As agreed, Duke presented their idea for using the town trust to buy the store for Colleen to run and operate. On the other end of the call, Pam and Annie were unreadable, while Colleen nodded and smiled vigorously to everything he said.

“Of course, this only works if you haven’t signed anything yet with the Hendriks,” Duke said.

Pam and Annie shared a glance, then Annie said, “No, we haven’t gone to contract yet.” Even through the screen, the skepticism in her face was clear. “But we can’t put them off indefinitely. How long would it take for the trust to decide?”

Justin leaned into the frame. “We have to present a case: why this is crucial for the town and why it’s sustainable. Colleen, that’s where you come in. A big part of our argument will be continuity—that you’ll be running it. And it’s actually a requirement that a local manages any trust-owned businesses. So we need to be sure this is what you want.”

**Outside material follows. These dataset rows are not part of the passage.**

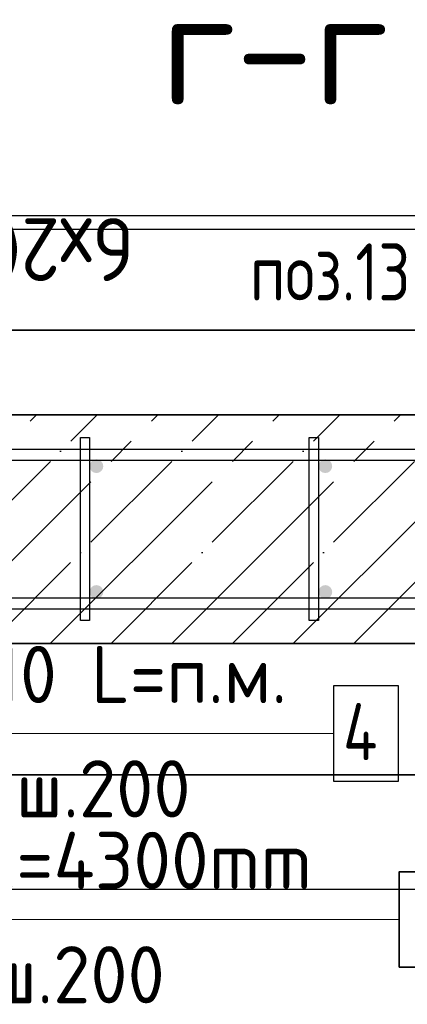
# Model space of a CAD drawing. Header units: millimetres. Extents: x -3026 to 47325, y -2839 to 55854.
# Tile 65 of 130: x 27495 to 27833, y 42333 to 43194. Entities that reach past the tile are written whole.
import ezdxf

# ---------------------------------------------------------------- set-up
doc = ezdxf.new("R2010")
doc.units = ezdxf.units.MM
doc.header["$PDMODE"] = 65
doc.linetypes.add('______11', pattern=[125, 100, -12.5, 0, -12.5])
doc.linetypes.add('______5', pattern=[275, 200, -25, 25, -25])
for name, color, linetype, lineweight in [('Standard', 7, 'Continuous', 25), ('Арм.стержн. вертикальными 1', 22, 'Continuous', 35), ('Арм.стержн.горизонт. 1', 180, 'Continuous', 35), ('Размерная линия_ общее', 7, 'Continuous', 13)]:
    doc.layers.add(name, color=color, linetype=linetype, lineweight=lineweight)
doc.layers.add('Арм.стержн.Стяжки', color=7, linetype='Continuous', lineweight=35, true_color=0x501e0f)
doc.styles.add('ISOCPEUR', font='ISOCPEUR')
doc.dimstyles.new('DIMSTYLE_3', dxfattribs={"dimtxt": 55, "dimasz": 62.5, "dimexe": 0, "dimexo": 0, "dimgap": 27.5, "dimtad": 2, "dimdec": 0, "dimrnd": 5, "dimzin": 12, "dimdsep": 46, "dimtxsty": 'ISOCPEUR', "dimblk1": 'ALL_ML_STRICH', "dimblk2": 'ALL_ML_STRICH', "dimsah": 1, "dimcen": 0, "dimclrd": 7, "dimclre": 256, "dimclrt": 7, "dimadec": 0, "dimazin": 0, "dimtfac": 1, "dimtdec": 0, "dimtix": 1, "dimtmove": 2, "dimatfit": 3, "dimfxl": 0, "dimtzin": 0, "dimlwd": 0, "dimlwe": -3, "dimarcsym": 0})

# ---------------------------------------------------------------- blocks, each defined once
blk = doc.blocks.new('ALL_ML_STRICH')
at = {"color": 0, "linetype": 'ByBlock', "lineweight": -2}
for p, q in [((0, -0.5), (0, 0.5)), ((-0.3, -0.3), (0.3, 0.3)), ((-1, 0), (0.5, 0))]:
    blk.add_line(p, q, dxfattribs=at)
blk = doc.blocks.new('*D108')
at = {"layer": 'DEFPOINTS', "color": 7, "linetype": 'Continuous', "lineweight": 13, "transparency": 33554687}
for p in [(28361.9, 43010.4), (27161.9, 42803.46), (28361.9, 42803.46)]:
    blk.add_point(p, dxfattribs=at)
at = {"layer": 'Размерная линия_ общее', "color": 253, "linetype": 'Continuous', "lineweight": -2, "true_color": 0xa0a0a0, "transparency": 33554687}
for p, q in [((27161.9, 42823.46), (27161.9, 43010.4)), ((28361.9, 42823.46), (28361.9, 43010.4))]:
    blk.add_line(p, q, dxfattribs=at)
at = {"layer": 'Размерная линия_ общее', "color": 7, "linetype": 'Continuous', "lineweight": -2, "transparency": 33554687}
blk.add_line((28361.9, 43010.4), (27161.9, 43010.4), dxfattribs=at)
at = {"layer": 'Размерная линия_ общее', "color": 7, "linetype": 'Continuous', "lineweight": 13, "transparency": 33554687, "xscale": 62.5, "yscale": 62.5, "zscale": 62.5}
for p, rotation in [((27161.9, 43010.4), 180), ((28361.9, 43010.4), 360)]:
    blk.add_blockref('ALL_ML_STRICH', p, dxfattribs=dict(at, rotation=rotation))
at = {"layer": 'Размерная линия_ общее', "color": 7, "linetype": 'Continuous', "lineweight": 13, "transparency": 33554687, "insert": (27594.4, 42965.4), "char_height": 55, "width": 2.75, "attachment_point": 1, "rotation": 180, "line_spacing_factor": 0.60241, "style": 'ISOCPEUR'}
blk.add_mtext('\\W0.91;6х200=1200', dxfattribs=at)

msp = doc.modelspace()

# ---------------------------------------------------------------- hatches: boundary and pattern name
at = {"layer": 'Арм.стержн. вертикальными 1', "linetype": 'Continuous', "lineweight": 50, "transparency": 33554687}
for points in [[(27567.9, 42803.46), (27567.44, 42805.76), (27566.14, 42807.7), (27564.19, 42809), (27561.9, 42809.46), (27559.6, 42809), (27557.65, 42807.7), (27556.35, 42805.76), (27555.9, 42803.46), (27556.35, 42801.16), (27557.65, 42799.22), (27559.6, 42797.92), (27561.9, 42797.46), (27564.19, 42797.92), (27566.14, 42799.22), (27567.44, 42801.16)], [(27767.9, 42803.46), (27767.44, 42805.76), (27766.14, 42807.7), (27764.19, 42809), (27761.9, 42809.46), (27759.6, 42809), (27757.65, 42807.7), (27756.35, 42805.76), (27755.9, 42803.46), (27756.35, 42801.16), (27757.65, 42799.22), (27759.6, 42797.92), (27761.9, 42797.46), (27764.19, 42797.92), (27766.14, 42799.22), (27767.44, 42801.16)], [(27567.9, 42693.46), (27567.44, 42695.76), (27566.14, 42697.7), (27564.19, 42699), (27561.9, 42699.46), (27559.6, 42699), (27557.65, 42697.7), (27556.35, 42695.76), (27555.9, 42693.46), (27556.35, 42691.16), (27557.65, 42689.22), (27559.6, 42687.92), (27561.9, 42687.46), (27564.19, 42687.92), (27566.14, 42689.22), (27567.44, 42691.16)], [(27767.9, 42693.46), (27767.44, 42695.76), (27766.14, 42697.7), (27764.19, 42699), (27761.9, 42699.46), (27759.6, 42699), (27757.65, 42697.7), (27756.35, 42695.76), (27755.9, 42693.46), (27756.35, 42691.16), (27757.65, 42689.22), (27759.6, 42687.92), (27761.9, 42687.46), (27764.19, 42687.92), (27766.14, 42689.22), (27767.44, 42691.16)]]:
    msp.add_hatch(color=34, dxfattribs=at).paths.add_polyline_path(points)

# ---------------------------------------------------------------- linework, layer by layer
at = {"layer": 'Standard', "color": 52, "linetype": 'Continuous', "lineweight": -3, "transparency": 33554687}
for p, q in [((28490.69, 42922.41), (26727.35, 42922.41)), ((26727.35, 42922.41), (28490.69, 42922.41)), ((26727.35, 42533.57), (28490.69, 42533.57)), ((28490.69, 42533.57), (26727.35, 42533.57))]:
    msp.add_line(p, q, dxfattribs=at)
at = {"layer": 'Standard', "color": 7, "linetype": 'Continuous', "lineweight": 35, "transparency": 33554687}
for p, q in [((28401.9, 42848.46), (26951.9, 42848.46)), ((26951.9, 42648.46), (28401.9, 42648.46))]:
    msp.add_line(p, q, dxfattribs=at)
at = {"layer": 'Standard', "color": 253, "linetype": '______5', "lineweight": -3, "true_color": 0xababab, "transparency": 33554687}
for p, q in [((27309.47, 42648.46), (27509.47, 42848.46)), ((27415.53, 42648.46), (27615.53, 42848.46)), ((27521.6, 42648.46), (27721.6, 42848.46)), ((27627.67, 42648.46), (27827.67, 42848.46)), ((27733.73, 42648.46), (27933.73, 42848.46))]:
    msp.add_line(p, q, dxfattribs=at)
at = {"layer": 'Standard', "color": 253, "linetype": '______11', "lineweight": -3, "true_color": 0xababab, "transparency": 33554687}
for p, q in [((27362.5, 42648.46), (27562.5, 42848.46)), ((27468.57, 42648.46), (27668.57, 42848.46)), ((27574.63, 42648.46), (27774.63, 42848.46)), ((27680.7, 42648.46), (27880.7, 42848.46)), ((27786.77, 42648.46), (27986.77, 42848.46))]:
    msp.add_line(p, q, dxfattribs=at)
at = {"layer": 'Standard', "color": 7, "linetype": 'Continuous', "lineweight": 25, "transparency": 33554687}
msp.add_lwpolyline([(26627.35, 42433.57), (28590.69, 42433.57), (28590.69, 43022.41), (26627.35, 43022.41), (26627.35, 42433.57)], dxfattribs=at)
at = {"layer": 'Арм.стержн. вертикальными 1', "color": 7, "linetype": 'Continuous', "lineweight": 13, "transparency": 33554687}
msp.add_line((27410.46, 42407), (27826.46, 42407), dxfattribs=at)
at = {"layer": 'Арм.стержн. вертикальными 1', "color": 7, "linetype": 'Continuous', "lineweight": 35, "transparency": 33554687}
msp.add_lwpolyline([(27826.46, 42365.33), (27903.13, 42365.33), (27903.13, 42448.66), (27826.46, 42448.66), (27826.46, 42365.33)], dxfattribs=at)
at = {"layer": 'Арм.стержн.горизонт. 1', "color": 52, "linetype": 'Continuous', "lineweight": 25, "transparency": 33554687}
for p, q in [((28401.9, 42848.46), (26951.9, 42848.46)), ((28401.9, 42648.46), (26951.9, 42648.46))]:
    msp.add_line(p, q, dxfattribs=at)
at = {"layer": 'Арм.стержн.горизонт. 1', "color": 7, "linetype": 'Continuous', "lineweight": 13, "transparency": 33554687}
msp.add_line((27481.02, 42569.6), (27769.02, 42569.6), dxfattribs=at)
at = {"layer": 'Арм.стержн.горизонт. 1', "color": 4, "linetype": 'Continuous', "lineweight": 25, "transparency": 33554687}
for points in [[(26981.9, 42818.46), (28371.9, 42818.46), (28371.9, 42808.46), (26981.9, 42808.46), (26981.9, 42818.46)], [(26981.9, 42818.46), (28371.9, 42818.46), (28371.9, 42808.46), (26981.9, 42808.46), (26981.9, 42818.46)], [(26981.9, 42818.46), (28371.9, 42818.46), (28371.9, 42808.46), (26981.9, 42808.46), (26981.9, 42818.46)], [(26981.9, 42818.46), (28371.9, 42818.46), (28371.9, 42808.46), (26981.9, 42808.46), (26981.9, 42818.46)], [(26981.9, 42818.46), (28371.9, 42818.46), (28371.9, 42808.46), (26981.9, 42808.46), (26981.9, 42818.46)], [(26981.9, 42818.46), (28371.9, 42818.46), (28371.9, 42808.46), (26981.9, 42808.46), (26981.9, 42818.46)], [(26981.9, 42818.46), (28371.9, 42818.46), (28371.9, 42808.46), (26981.9, 42808.46), (26981.9, 42818.46)], [(26981.9, 42818.46), (28371.9, 42818.46), (28371.9, 42808.46), (26981.9, 42808.46), (26981.9, 42818.46)], [(26981.9, 42818.46), (28371.9, 42818.46), (28371.9, 42808.46), (26981.9, 42808.46), (26981.9, 42818.46)], [(26981.9, 42818.46), (28371.9, 42818.46), (28371.9, 42808.46), (26981.9, 42808.46), (26981.9, 42818.46)], [(26981.9, 42818.46), (28371.9, 42818.46), (28371.9, 42808.46), (26981.9, 42808.46), (26981.9, 42818.46)], [(26981.9, 42818.46), (28371.9, 42818.46), (28371.9, 42808.46), (26981.9, 42808.46), (26981.9, 42818.46)], [(26981.9, 42818.46), (28371.9, 42818.46), (28371.9, 42808.46), (26981.9, 42808.46), (26981.9, 42818.46)], [(26981.9, 42818.46), (28371.9, 42818.46), (28371.9, 42808.46), (26981.9, 42808.46), (26981.9, 42818.46)], [(26981.9, 42688.46), (28371.9, 42688.46), (28371.9, 42678.46), (26981.9, 42678.46), (26981.9, 42688.46)], [(26981.9, 42688.46), (28371.9, 42688.46), (28371.9, 42678.46), (26981.9, 42678.46), (26981.9, 42688.46)], [(26981.9, 42688.46), (28371.9, 42688.46), (28371.9, 42678.46), (26981.9, 42678.46), (26981.9, 42688.46)], [(26981.9, 42688.46), (28371.9, 42688.46), (28371.9, 42678.46), (26981.9, 42678.46), (26981.9, 42688.46)], [(26981.9, 42688.46), (28371.9, 42688.46), (28371.9, 42678.46), (26981.9, 42678.46), (26981.9, 42688.46)], [(26981.9, 42688.46), (28371.9, 42688.46), (28371.9, 42678.46), (26981.9, 42678.46), (26981.9, 42688.46)], [(26981.9, 42688.46), (28371.9, 42688.46), (28371.9, 42678.46), (26981.9, 42678.46), (26981.9, 42688.46)], [(26981.9, 42688.46), (28371.9, 42688.46), (28371.9, 42678.46), (26981.9, 42678.46), (26981.9, 42688.46)], [(26981.9, 42688.46), (28371.9, 42688.46), (28371.9, 42678.46), (26981.9, 42678.46), (26981.9, 42688.46)], [(26981.9, 42688.46), (28371.9, 42688.46), (28371.9, 42678.46), (26981.9, 42678.46), (26981.9, 42688.46)], [(26981.9, 42688.46), (28371.9, 42688.46), (28371.9, 42678.46), (26981.9, 42678.46), (26981.9, 42688.46)], [(26981.9, 42688.46), (28371.9, 42688.46), (28371.9, 42678.46), (26981.9, 42678.46), (26981.9, 42688.46)], [(26981.9, 42688.46), (28371.9, 42688.46), (28371.9, 42678.46), (26981.9, 42678.46), (26981.9, 42688.46)], [(26981.9, 42688.46), (28371.9, 42688.46), (28371.9, 42678.46), (26981.9, 42678.46), (26981.9, 42688.46)]]:
    msp.add_lwpolyline(points, dxfattribs=at)
at = {"layer": 'Арм.стержн.горизонт. 1', "color": 7, "linetype": 'Continuous', "lineweight": 25, "transparency": 33554687}
msp.add_lwpolyline([(27769.02, 42527.94), (27825.68, 42527.94), (27825.68, 42611.27), (27769.02, 42611.27), (27769.02, 42527.94)], dxfattribs=at)
at = {"layer": 'Арм.стержн.Стяжки', "color": 40, "linetype": 'Continuous', "lineweight": 25, "transparency": 33554687}
for points in [[(27547.9, 42668.46), (27547.9, 42828.46), (27555.9, 42828.46), (27555.9, 42668.46), (27547.9, 42668.46)], [(27547.9, 42668.46), (27547.9, 42828.46), (27555.9, 42828.46), (27555.9, 42668.46), (27547.9, 42668.46)], [(27547.9, 42668.46), (27547.9, 42828.46), (27555.9, 42828.46), (27555.9, 42668.46), (27547.9, 42668.46)], [(27547.9, 42668.46), (27547.9, 42828.46), (27555.9, 42828.46), (27555.9, 42668.46), (27547.9, 42668.46)], [(27547.9, 42668.46), (27547.9, 42828.46), (27555.9, 42828.46), (27555.9, 42668.46), (27547.9, 42668.46)], [(27547.9, 42668.46), (27547.9, 42828.46), (27555.9, 42828.46), (27555.9, 42668.46), (27547.9, 42668.46)], [(27547.9, 42668.46), (27547.9, 42828.46), (27555.9, 42828.46), (27555.9, 42668.46), (27547.9, 42668.46)], [(27747.9, 42668.46), (27747.9, 42828.46), (27755.9, 42828.46), (27755.9, 42668.46), (27747.9, 42668.46)], [(27747.9, 42668.46), (27747.9, 42828.46), (27755.9, 42828.46), (27755.9, 42668.46), (27747.9, 42668.46)], [(27747.9, 42668.46), (27747.9, 42828.46), (27755.9, 42828.46), (27755.9, 42668.46), (27747.9, 42668.46)], [(27747.9, 42668.46), (27747.9, 42828.46), (27755.9, 42828.46), (27755.9, 42668.46), (27747.9, 42668.46)], [(27747.9, 42668.46), (27747.9, 42828.46), (27755.9, 42828.46), (27755.9, 42668.46), (27747.9, 42668.46)], [(27747.9, 42668.46), (27747.9, 42828.46), (27755.9, 42828.46), (27755.9, 42668.46), (27747.9, 42668.46)], [(27747.9, 42668.46), (27747.9, 42828.46), (27755.9, 42828.46), (27755.9, 42668.46), (27747.9, 42668.46)]]:
    msp.add_lwpolyline(points, dxfattribs=at)

# ---------------------------------------------------------------- texts
at = {"layer": 'Standard', "color": 7, "linetype": 'Continuous', "lineweight": 13, "transparency": 33554687, "insert": (27618.1, 43169.94), "char_height": 100, "width": 255.6522, "attachment_point": 4, "style": 'ISOCPEUR'}
msp.add_mtext('\\A1;{\\fISOCPEUR|i0|b0;\\H100.000000;\\W1.000000;\\C7;г-г}\\P', dxfattribs=at)
at = {"layer": 'Standard', "color": 7, "linetype": 'Continuous', "lineweight": 18, "transparency": 33554687, "insert": (27766.12, 42973.38), "char_height": 50, "width": 159.9747, "attachment_point": 5, "style": 'ISOCPEUR'}
msp.add_mtext('\\A1;{\\fISOCPEUR|i0|b0;\\H50.000000;\\W0.800000;\\C7;поз.13}\\P', dxfattribs=at)
at = {"layer": 'Арм.стержн. вертикальными 1', "color": 7, "linetype": 'Continuous', "lineweight": 25, "transparency": 33554687, "char_height": 50, "attachment_point": 7, "style": 'ISOCPEUR'}
for s, insert, width in [('\\W0.96;ø12 L=4300mm ', (27331.46, 42433.66), 493.775), ('\\W0.95;ш.200 ', (27468.96, 42333.66), 218.666)]:
    msp.add_mtext(s, dxfattribs=dict(at, insert=insert, width=width))
at = {"layer": 'Арм.стержн.горизонт. 1', "color": 7, "linetype": 'Continuous', "lineweight": 25, "transparency": 33554687, "char_height": 50, "attachment_point": 7, "style": 'ISOCPEUR'}
for s, insert, width in [('\\W0.94;ø10 L=п.м.', (27434.02, 42596.27), 333.3052), ('\\W0.80;4', (27777.35, 42546.27), 59.9722), ('\\W0.95;ш.200 ', (27491.52, 42496.27), 218.666)]:
    msp.add_mtext(s, dxfattribs=dict(at, insert=insert, width=width))

# ---------------------------------------------------------------- dimensions: what is measured, and where the dimension line sits
at = {"layer": 'Размерная линия_ общее', "color": 7, "linetype": 'Continuous', "lineweight": 13, "transparency": 33554687}
dim = msp.add_linear_dim(base=(27161.9, 43010.4), p1=(28361.9, 42823.46), p2=(27161.9, 42823.46), angle=180, text='\\W0.91;6х200=1200', dimstyle='DIMSTYLE_3', override={"dimpost": '<>', "dimclrd": 7, "dimclre": 253, "dimclrt": 7, "dimlwd": 0, "dimlwe": 65533}, dxfattribs=at)
dim.commit()
dim.dimension.update_dxf_attribs({"geometry": '*D108', "text_midpoint": (27761.9, 43037.9), "dimtype": 160})

doc.saveas('drawing.dxf')

Pam passed the screen to Colleen, and Shelby noticed how tired she looked.

“Of course it’s what I want,” she said. “It’s what I’ve always wanted.”

“Great,” Duke said. “That’s all we needed to hear.”

Shelby and Justin walked out together. She noticed the sun was setting earlier, a stark reminder that the summer was coming to an end. She felt a twinge. As much as she prided herself on being comfortable with change, it suddenly felt painful again, like when she’d been a child. She didn’t know why. Maybe it was the realization that she might never truly belong anywhere. In New York City, she’d become the author she always dreamed of being. But the last week she’d spent there, she’d felt like a tourist in her own life. And sure, Provincetown was a lovely place to visit. But when would she ever feel at home?

They walked to the end of Duke’s street towards Commercial, where they’d turn in opposite directions. A cyclist rode by, alerting them with the ring of a bell. The dusk light gave everything a soft glow.

“So that went well,” he said.

“It did. But it was the easy part, right? I mean, I knew Colleen was in. And I had faith in Pam and Annie. But the town trust...what are the odds?”

Justin stopped to move a big branch that had fallen into the middle of the street. When he finished, he dusted off his hands and said, “I’ll do my best.”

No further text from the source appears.